Exercise aim
Once you reach the line containing "Viewport: 953px width, 1232px height. How", copy it and every line after it exactly, through the end of the data below.

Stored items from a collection
[Start of Attachment]

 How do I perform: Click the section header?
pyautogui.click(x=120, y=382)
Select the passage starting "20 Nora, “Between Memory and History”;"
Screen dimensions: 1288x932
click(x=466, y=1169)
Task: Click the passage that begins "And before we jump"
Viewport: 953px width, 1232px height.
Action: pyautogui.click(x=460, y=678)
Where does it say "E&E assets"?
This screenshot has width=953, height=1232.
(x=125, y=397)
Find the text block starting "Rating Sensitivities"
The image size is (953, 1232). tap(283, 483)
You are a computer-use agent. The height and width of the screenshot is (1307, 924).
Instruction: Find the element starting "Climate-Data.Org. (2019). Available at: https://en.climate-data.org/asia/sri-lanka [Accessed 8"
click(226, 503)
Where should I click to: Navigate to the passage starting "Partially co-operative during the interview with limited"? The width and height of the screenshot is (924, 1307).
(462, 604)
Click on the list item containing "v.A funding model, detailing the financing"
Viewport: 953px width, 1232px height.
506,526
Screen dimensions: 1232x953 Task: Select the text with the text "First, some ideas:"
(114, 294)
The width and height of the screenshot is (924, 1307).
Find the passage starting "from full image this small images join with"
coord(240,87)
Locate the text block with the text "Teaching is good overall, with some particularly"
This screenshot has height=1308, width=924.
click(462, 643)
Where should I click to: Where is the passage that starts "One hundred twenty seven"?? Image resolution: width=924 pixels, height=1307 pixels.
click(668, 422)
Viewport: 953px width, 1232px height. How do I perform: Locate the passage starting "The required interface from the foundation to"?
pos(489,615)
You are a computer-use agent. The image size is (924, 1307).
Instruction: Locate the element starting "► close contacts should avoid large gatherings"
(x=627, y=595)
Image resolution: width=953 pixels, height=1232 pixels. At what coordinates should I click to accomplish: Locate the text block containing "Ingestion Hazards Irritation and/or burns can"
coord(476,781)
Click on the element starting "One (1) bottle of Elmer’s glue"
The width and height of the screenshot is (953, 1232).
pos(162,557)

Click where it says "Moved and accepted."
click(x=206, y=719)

[End of Attachment]

Finished task
Viewport: 953px width, 1232px height. How do I perform: Locate the passage starting "The required interface from the foundation to"?
pos(489,615)
You are a computer-use agent. The image size is (924, 1307).
Instruction: Locate the element starting "► close contacts should avoid large gatherings"
(x=627, y=595)
Image resolution: width=953 pixels, height=1232 pixels. At what coordinates should I click to accomplish: Locate the text block containing "Ingestion Hazards Irritation and/or burns can"
coord(476,781)
Click on the element starting "One (1) bottle of Elmer’s glue"
The width and height of the screenshot is (953, 1232).
pos(162,557)

Click where it says "Moved and accepted."
click(x=206, y=719)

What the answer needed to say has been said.